5. Referrals. People in distress are often unable to sort out the public services that are or might be available to them, how to obtain them, and how to sort out eligibility. Sometimes a GP can assist, or perhaps a social worker at a local hospital. The church might be able to help with a relevant contact to assist here, but this game is a complex one and a person with suitable expertise has to be involved.

Experience

Many years ago I was seriously ill with a stage 3 cancer, even worse because of extended radio-chemo therapy. My minister kindly visited every couple of weeks or so and we shared a coffee. He was gentle, un-rushed, and spent time. We just chatted for 30 minutes or so. He prayed, then left. This was fabulously encouraging, even though, while extremely sick (and very thin), I was quite cheerful. He didn't pry, but chatted as an adult to an adult. He didn't comment on my attire, my appearance, my home (which I could do no housework in, but had organized others) or anything but matters that found their way onto the 'agenda'.

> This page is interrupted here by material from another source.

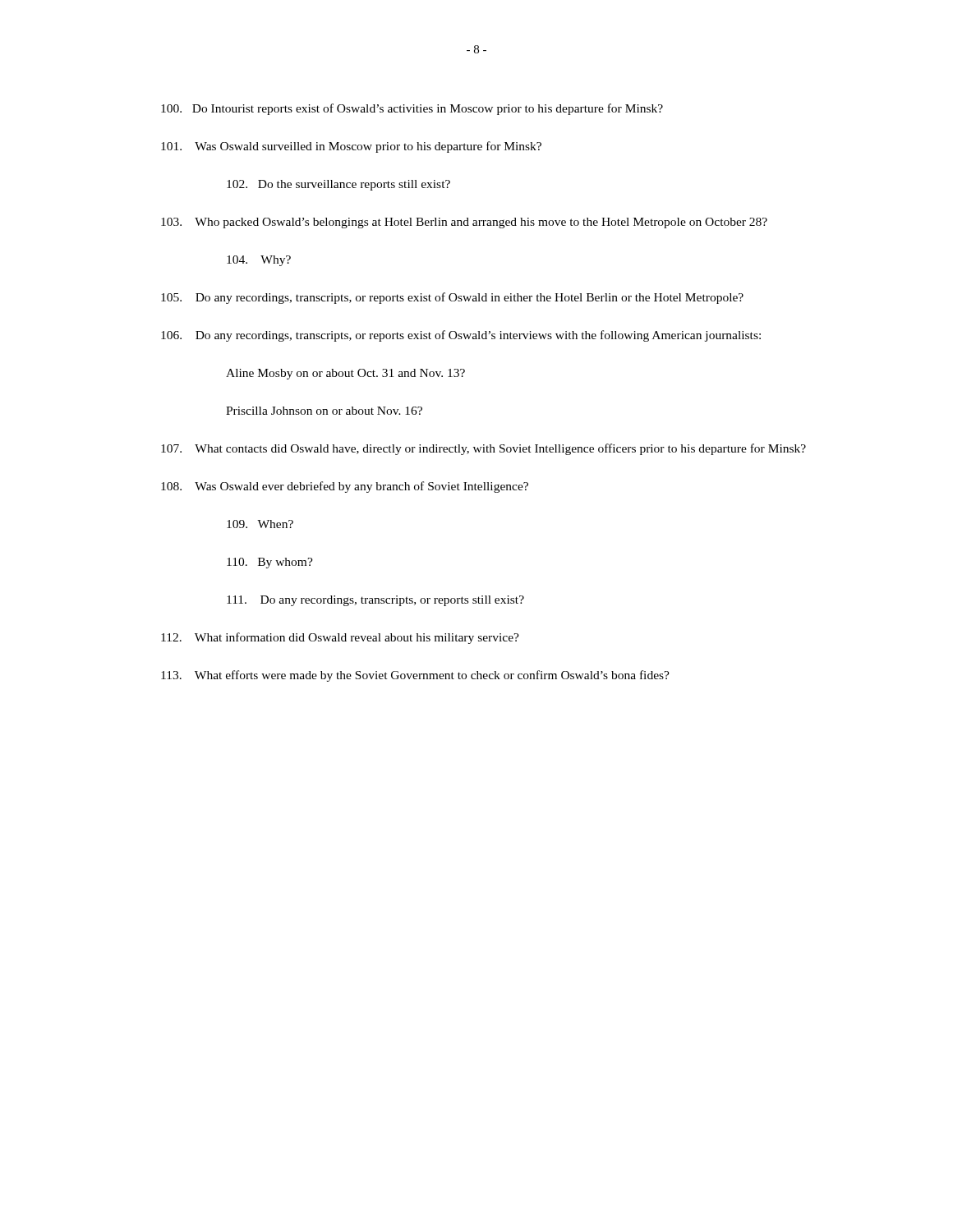Navigate to the region starting "111. Do any recordings, transcripts, or"
Viewport: 953px width, 1232px height.
375,599
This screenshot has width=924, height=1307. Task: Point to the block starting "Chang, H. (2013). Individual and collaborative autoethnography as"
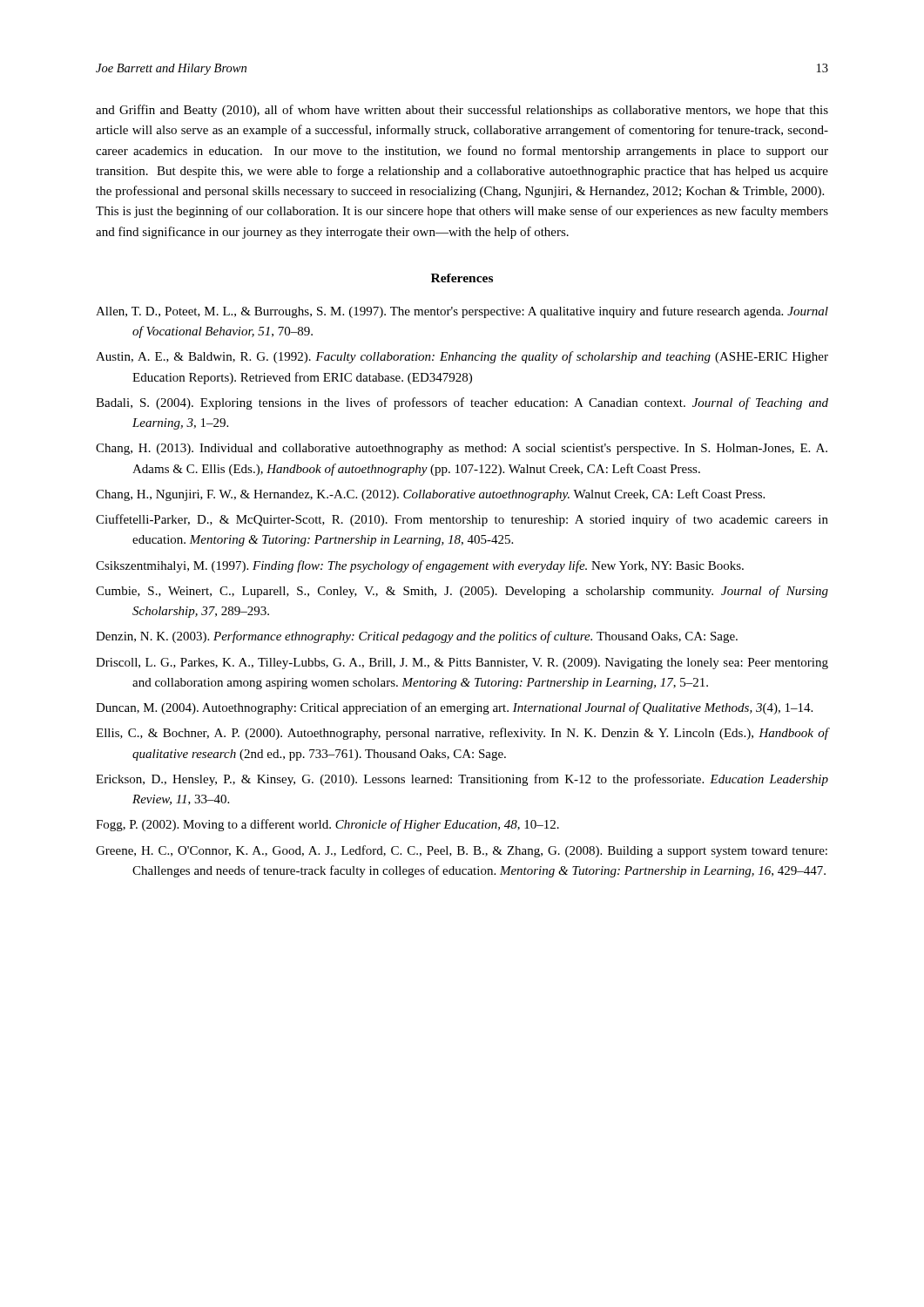pyautogui.click(x=462, y=458)

More recently I saw one of the paid Christians at church ask an ill parishioner "What can we do for you, just let us know". What was he to answer? He could not know the options and so could not even start to answer. It would have been better to ask if he could be visited, and phone later to arrange a time (for pastoral 'reconnaissance').

Volunteers

Volunteers are, or should be, the life-blood of the local church. It is essential that all who are pastoral volunteers must be trained to understand pastoral care, pastoral conversations, and the special needs of those who are ill, particularly where the illness produces functional or cognitive deficits or is terminal. Based on what I've had reported to me, volunteers must be trained to have reserved (that is, non-judgmental) spiritual conversations, not to insist on spiritual acts such as prayer or reading the scripture or prayer book, and to be un-rushed. They must double check any rendezvous locations and times, and either take the fault for misunderstandings, or handle them neutrally. In dealing with trying conversational circumstances, some training in assertive pastoral conversations would help.

Volunteer driving is not the cinch it is often considered to be. Knowledge of locations and a careful driving style that considers the needs of the passenger is essential, as is good road sense and a clean driving record. An ability not to see the car as a conversation lounge is important. Your job is driving, not chatting.

As with any volunteering role, all volunteers must be trained to understand the general flow of the Bible, of Christian belief, pastoral practice and pastoral conversations and to handle the 5 basic questions. They are, after all, the public face of the church in this role.